Ethics can be defined as ‘how we ought to behave’ and medical ethics as how health professionals ought to behave. I recently published a paper (available on request) in the Journal of Medical Ethics (http://jme.bmj.com/content/early/2015/12/20/medethics-2015-103066.abstract) in which I argue that prolonged immigration detention fulfils all the criteria for torture. I then argue that doctors and other health care professionals are conflicted: they have a duty to their patients to help them but they also have a duty not to condone torture. The US Central Intelligence Agency (CIA) argues to this day that water-boarding prisoners in Guantanamo and Abu Ghraib was not torture because the technique was devised by psychologists and supervised by doctors. The doctors would presumably argue that the water-boarding was going to happen anyway and they were ensuring the prisoners did not drown. Highly respected colleagues and lawyers have said to me “Nauru is not as bad as Guantanamo”. Is it not? Are we to have degrees of torture? There have been unconfirmed (probably unconfirmable) reports by a guard of water-boarding and ‘zipping’ being inflicted on people in immigration detention in Nauru (http://www.abc.net.au/news/2015-08-14/guard-tells-parliamentary-inquiry-asylum-seekers-tortured-nauru/6699162). Why would the guard lie? Mr Dutton denied it, but he would wouldn’t he.
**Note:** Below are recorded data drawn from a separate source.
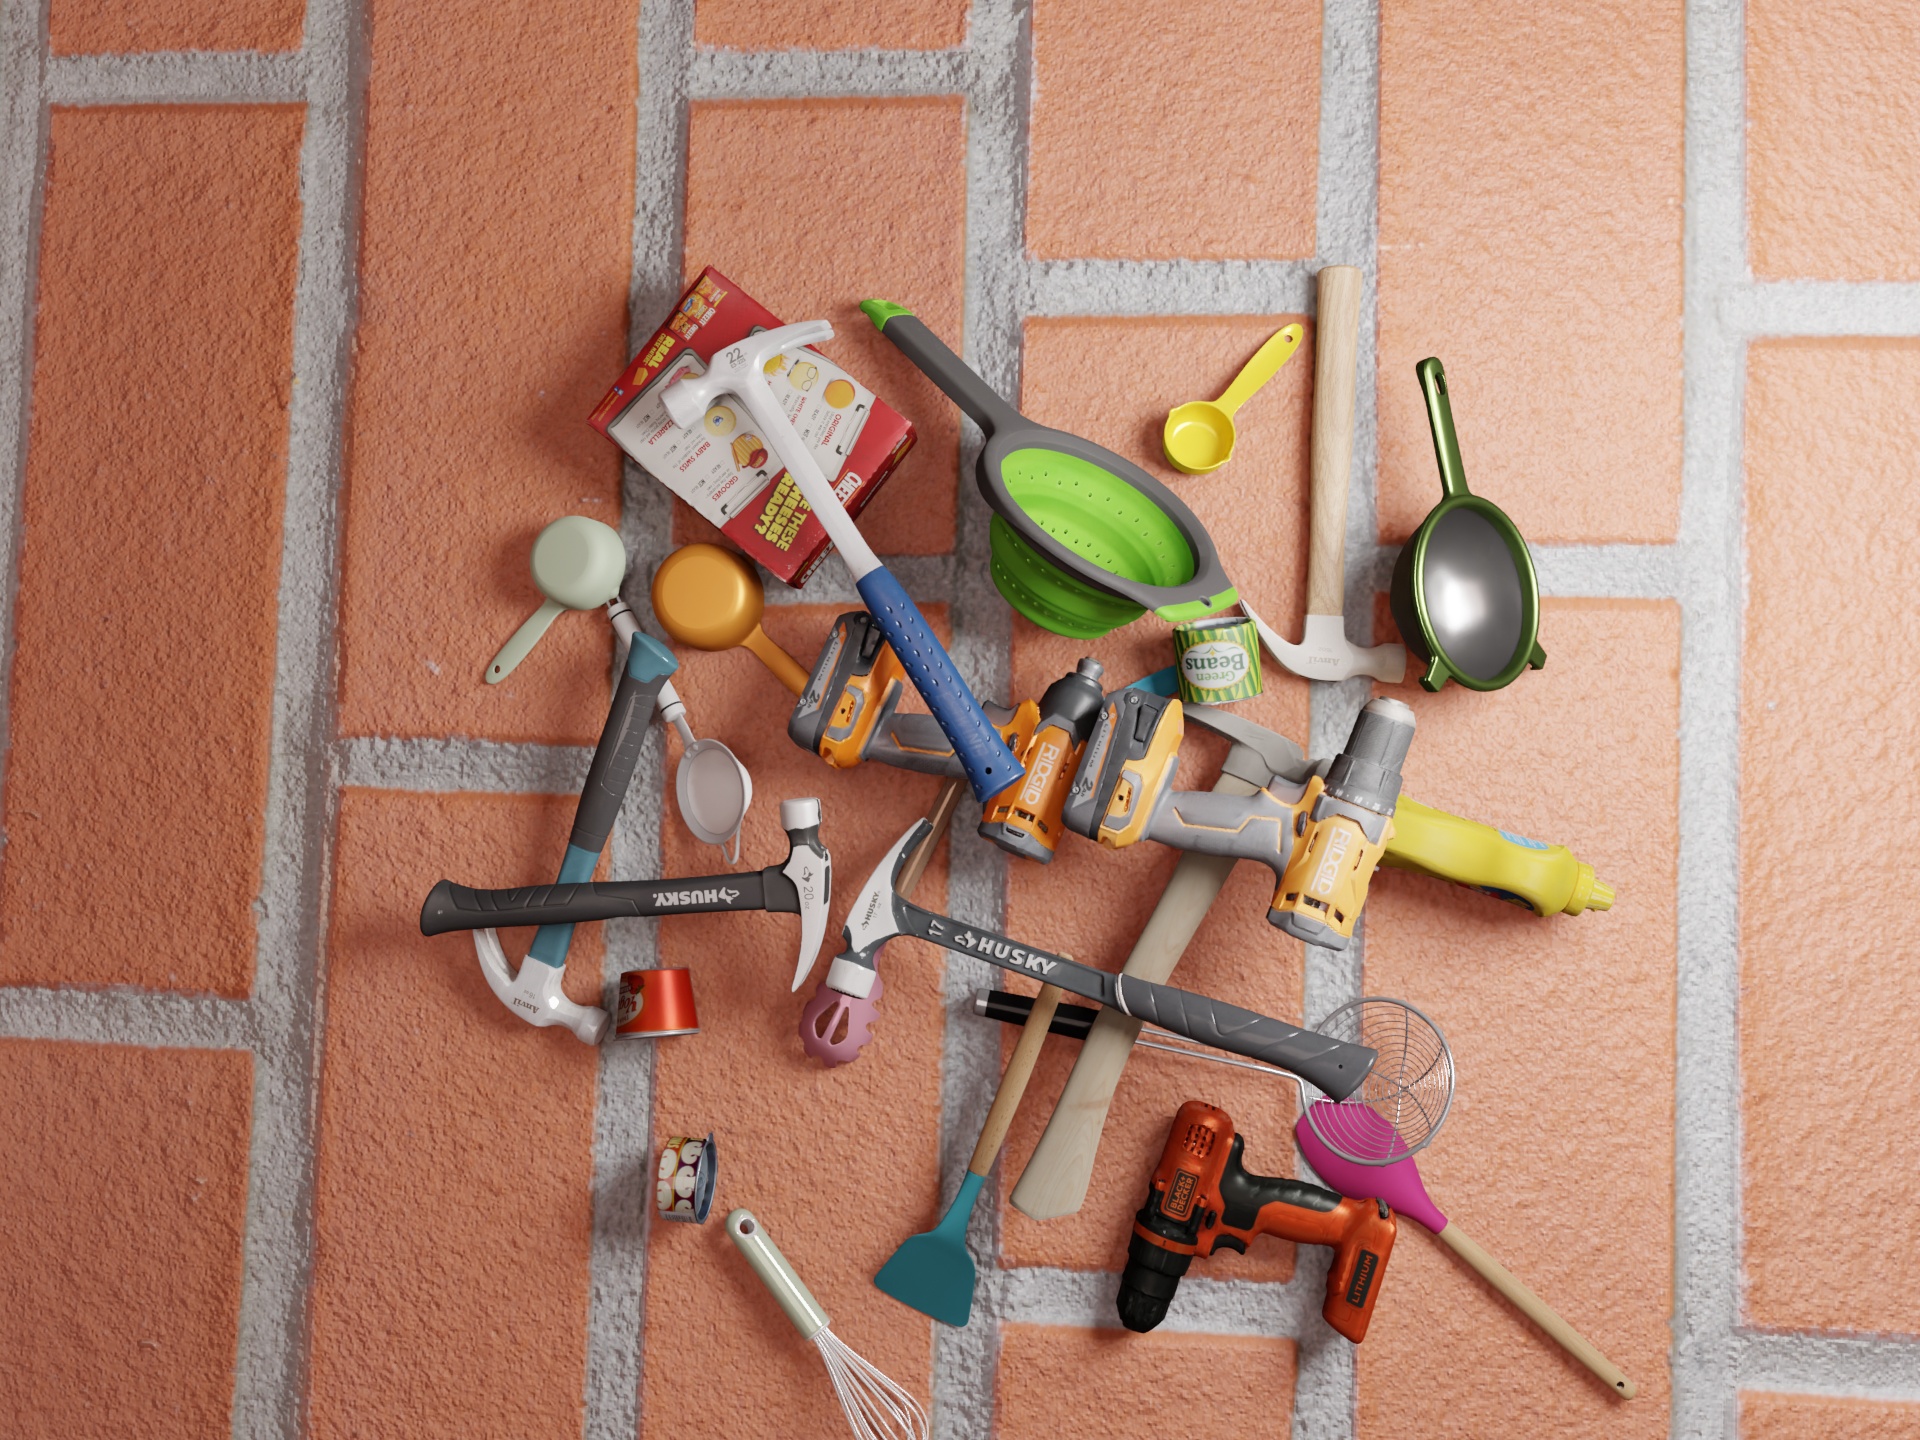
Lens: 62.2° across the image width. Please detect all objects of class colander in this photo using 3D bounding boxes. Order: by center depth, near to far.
[{"bbox_3d":[0.038,-0.185,1.256,0.397,0.204,0.094,47,127,21],"label":"colander"}]

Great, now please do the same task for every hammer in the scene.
[{"bbox_3d":[0.106,0.193,1.188,0.409,0.036,0.149,16,78,18],"label":"hammer"},{"bbox_3d":[-0.070,-0.123,1.208,0.144,0.035,0.405,-33,81,2],"label":"hammer"},{"bbox_3d":[0.136,0.184,1.218,0.146,0.038,0.411,26,82,19],"label":"hammer"},{"bbox_3d":[-0.265,0.146,1.251,0.335,0.035,0.146,-5,93,8],"label":"hammer"},{"bbox_3d":[0.292,-0.196,1.265,0.130,0.031,0.331,3,87,5],"label":"hammer"},{"bbox_3d":[-0.298,0.090,1.286,0.128,0.033,0.331,21,97,7],"label":"hammer"}]

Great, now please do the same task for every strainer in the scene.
[{"bbox_3d":[0.363,-0.145,1.220,0.151,0.069,0.256,-11,90,-37],"label":"strainer"},{"bbox_3d":[-0.229,-0.001,1.299,0.087,0.050,0.258,-38,77,37],"label":"strainer"}]

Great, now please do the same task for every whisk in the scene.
[{"bbox_3d":[-0.109,0.491,1.264,0.058,0.059,0.246,-33,79,-34],"label":"whisk"}]

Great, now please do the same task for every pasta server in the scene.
[{"bbox_3d":[-0.046,0.135,1.284,0.060,0.040,0.316,26,86,6],"label":"pasta server"}]

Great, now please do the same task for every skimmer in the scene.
[{"bbox_3d":[0.187,0.249,1.222,0.363,0.090,0.127,11,75,7],"label":"skimmer"}]

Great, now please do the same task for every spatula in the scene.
[{"bbox_3d":[0.022,0.326,1.246,0.082,0.044,0.317,23,93,8],"label":"spatula"}]

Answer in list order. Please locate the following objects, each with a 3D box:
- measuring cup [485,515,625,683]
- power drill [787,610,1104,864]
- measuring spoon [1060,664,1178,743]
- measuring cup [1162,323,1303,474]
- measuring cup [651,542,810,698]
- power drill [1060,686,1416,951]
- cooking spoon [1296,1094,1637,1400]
[{"bbox_3d":[-0.346,-0.097,1.311,0.083,0.038,0.167,43,96,19],"label":"measuring cup"},{"bbox_3d":[-0.002,-0.004,1.245,0.226,0.084,0.164,23,84,12],"label":"power drill"},{"bbox_3d":[0.135,-0.018,1.281,0.128,0.021,0.042,-23,90,-5],"label":"measuring spoon"},{"bbox_3d":[0.222,-0.260,1.283,0.062,0.029,0.156,41,80,6],"label":"measuring cup"},{"bbox_3d":[-0.177,-0.073,1.291,0.174,0.052,0.095,43,92,8],"label":"measuring cup"},{"bbox_3d":[0.209,0.044,1.167,0.226,0.084,0.185,22,93,17],"label":"power drill"},{"bbox_3d":[0.393,0.410,1.231,0.319,0.017,0.069,41,91,7],"label":"cooking spoon"}]
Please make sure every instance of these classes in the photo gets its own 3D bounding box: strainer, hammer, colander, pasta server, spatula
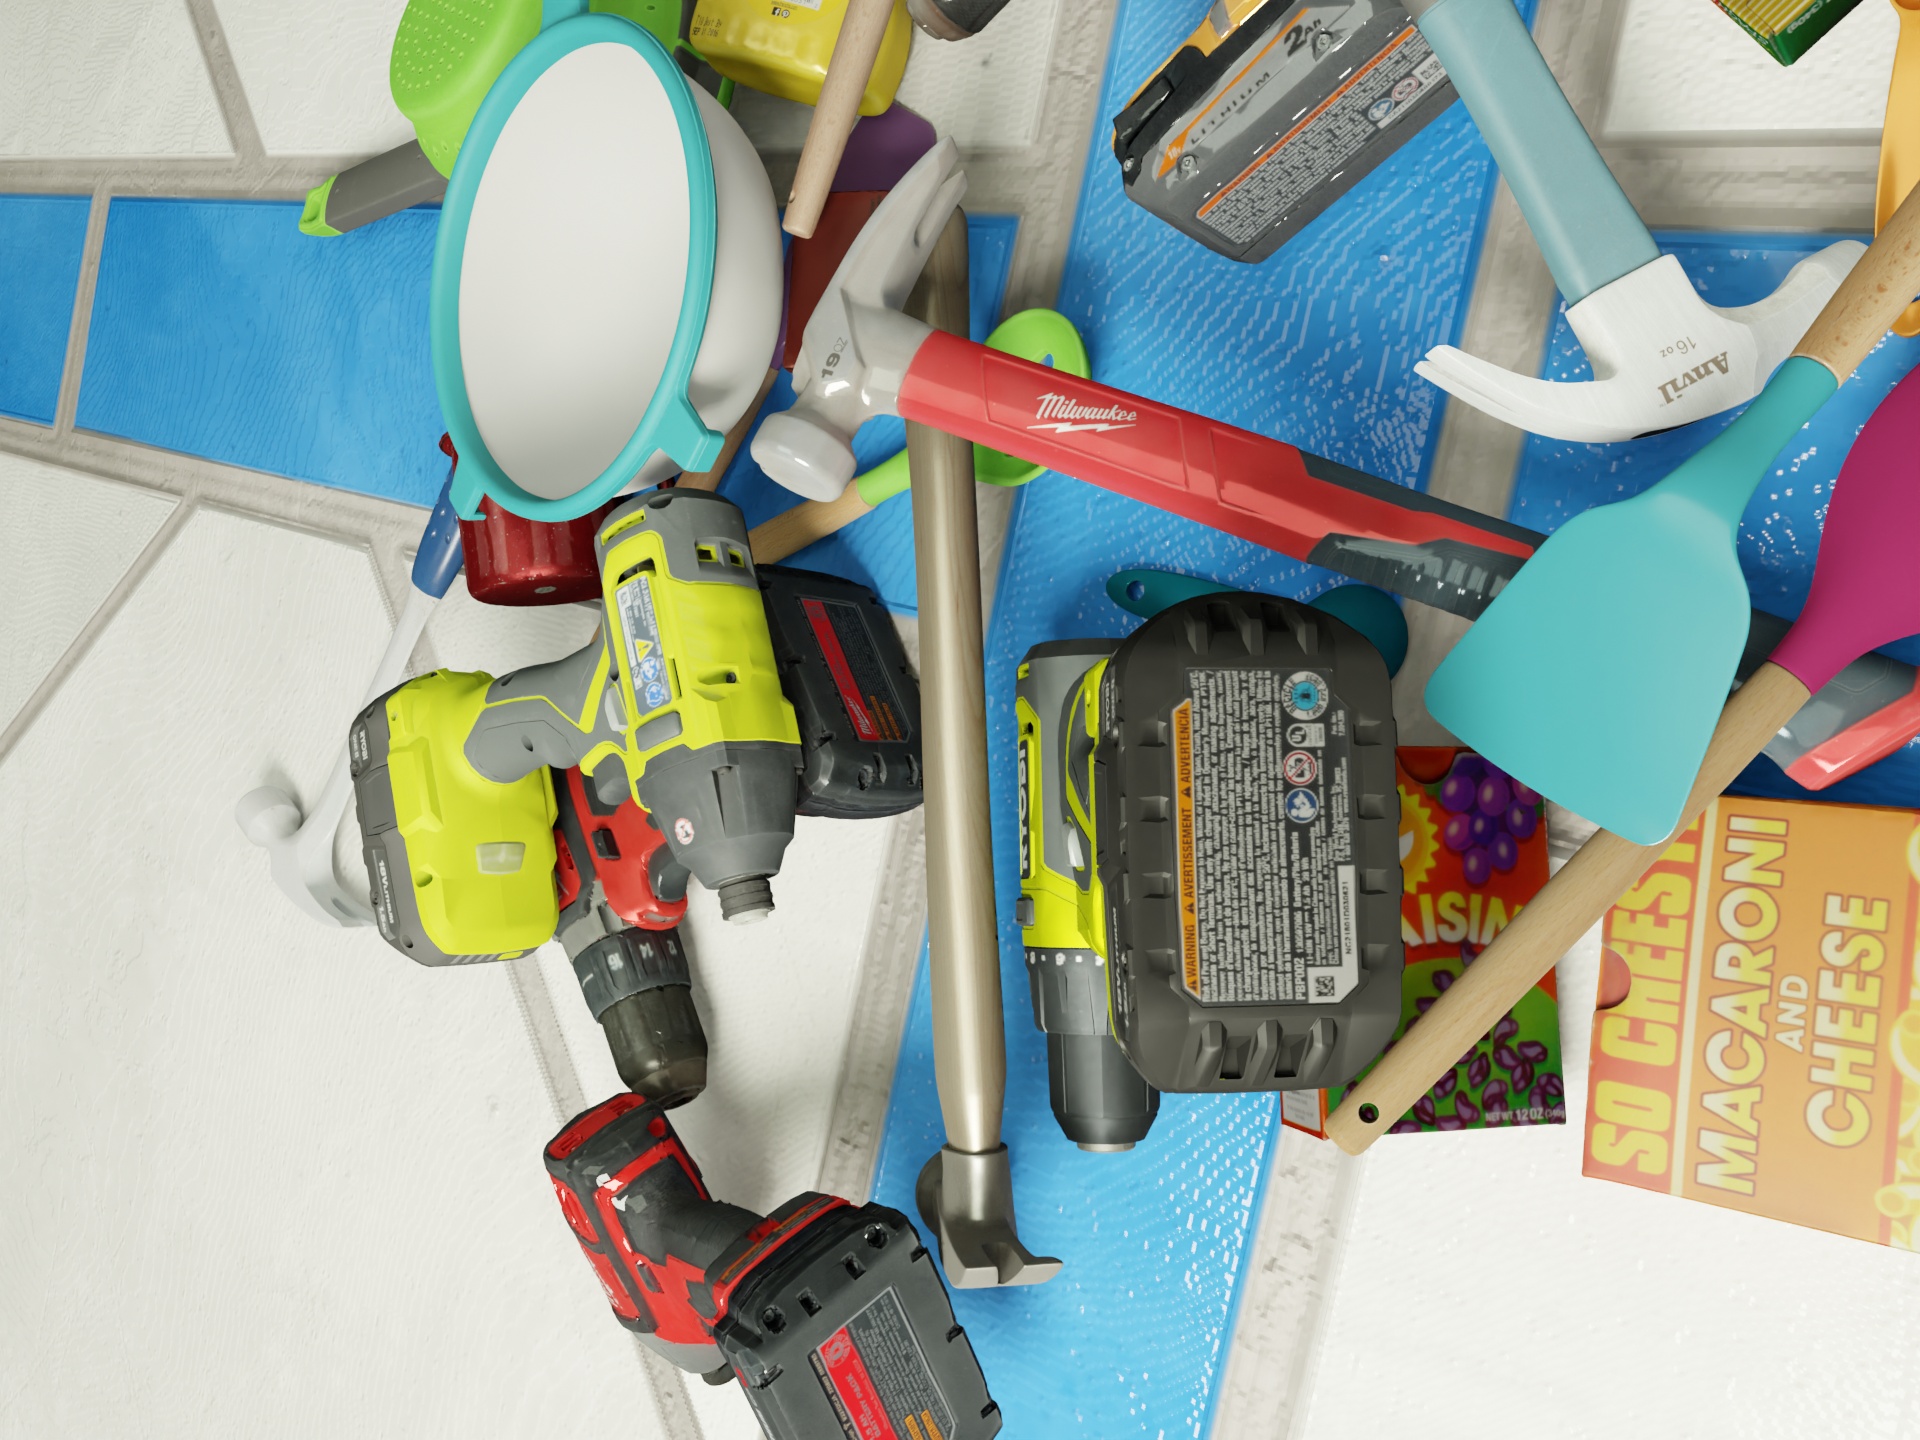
[{"bbox_3d":[-0.143,-0.254,0.707,0.211,0.095,0.340,-2,87,44],"label":"strainer"},{"bbox_3d":[-0.001,-0.002,0.604,0.038,0.146,0.411,-2,82,-7],"label":"hammer"},{"bbox_3d":[0.121,-0.085,0.532,0.386,0.038,0.143,23,79,20],"label":"hammer"},{"bbox_3d":[-0.282,-0.332,0.855,0.397,0.094,0.204,-1,74,40],"label":"colander"},{"bbox_3d":[-0.303,-0.063,0.902,0.144,0.035,0.405,40,109,32],"label":"hammer"},{"bbox_3d":[-0.011,-0.350,0.654,0.060,0.040,0.316,28,100,62],"label":"pasta server"},{"bbox_3d":[0.149,-0.236,0.493,0.128,0.033,0.331,-28,88,4],"label":"hammer"},{"bbox_3d":[0.255,-0.113,0.450,0.082,0.044,0.317,38,88,34],"label":"spatula"},{"bbox_3d":[-0.104,-0.148,0.760,0.060,0.018,0.316,39,103,27],"label":"spatula"}]

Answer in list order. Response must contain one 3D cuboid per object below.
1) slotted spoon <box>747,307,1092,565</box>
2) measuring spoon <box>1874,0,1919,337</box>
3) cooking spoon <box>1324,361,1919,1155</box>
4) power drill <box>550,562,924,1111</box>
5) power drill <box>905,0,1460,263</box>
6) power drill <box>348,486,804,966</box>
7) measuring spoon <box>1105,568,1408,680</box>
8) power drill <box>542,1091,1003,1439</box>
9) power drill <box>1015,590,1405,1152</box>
[{"bbox_3d":[-0.061,-0.098,0.731,0.314,0.031,0.070,-22,73,35],"label":"slotted spoon"},{"bbox_3d":[0.293,-0.175,0.486,0.021,0.011,0.117,3,91,37],"label":"measuring spoon"},{"bbox_3d":[0.217,0.007,0.452,0.069,0.017,0.319,44,97,17],"label":"cooking spoon"},{"bbox_3d":[-0.112,0.056,0.727,0.226,0.080,0.188,-37,65,31],"label":"power drill"},{"bbox_3d":[0.072,-0.286,0.618,0.185,0.084,0.226,-36,62,31],"label":"power drill"},{"bbox_3d":[-0.162,0.023,0.676,0.223,0.080,0.171,-24,73,36],"label":"power drill"},{"bbox_3d":[0.105,-0.040,0.603,0.129,0.021,0.042,17,96,35],"label":"measuring spoon"},{"bbox_3d":[-0.088,0.241,0.652,0.220,0.078,0.143,3,119,54],"label":"power drill"},{"bbox_3d":[0.064,0.057,0.528,0.080,0.228,0.190,0,84,-8],"label":"power drill"}]

The harms we are inflicting on adults to punish them for having the temerity to flee persecution in their homelands are immoral. We treat innocent adults worse than we do convicted criminals. But the public are more likely to sympathise with the argument that children are innocent victims. Gillian Triggs realised this, which is why her Forgotten Children enquiry is so powerful. Alison Light, in her wonderful book “Common people”, describes how the 19th century English workhouses were intended to punish men who did not want to work, but the biggest victims were women and children. I was struck by the parallels with immigration detention centres. I am proud that increasing numbers of paediatricians and paediatric nurses have decided to speak out against what is being done to children by our Government in our name. Alanna Maycock, Hasantha Gunasekera, Karen Zwi and Josh Francis have all risked imprisonment for telling the truth.

What should happen? The Government mantra, ‘We’ve stopped the boats’, means the immigration detention centres are redundant. Keeping people imprisoned can only be to deter other desperate people from seeking asylum. Europe, struggling with a far bigger immigrant problem, has not resorted to such vulgar deterrent policies, although extreme right wing European groups cite Australia as an example to follow. We should allow the derisory number of children to remain in Australia with their parents. We should close the detention centres on Nauru and Manus, which are not only immoral but hugely expensive (it costs over half a million dollars per year for each person kept on Nauru). Mr Turnbull committed his Government to a tough stance on border control. If that stance includes continuing to torture innocent people we should hang our heads in shame.

Professor David Isaacs is Senior Staff Specialist, Department of Infectious Diseases and Microbiology and Clinical Professor of Paediatric Infectious Diseases at the University of Sydney. He works at the Children’s Hospital at Westmead.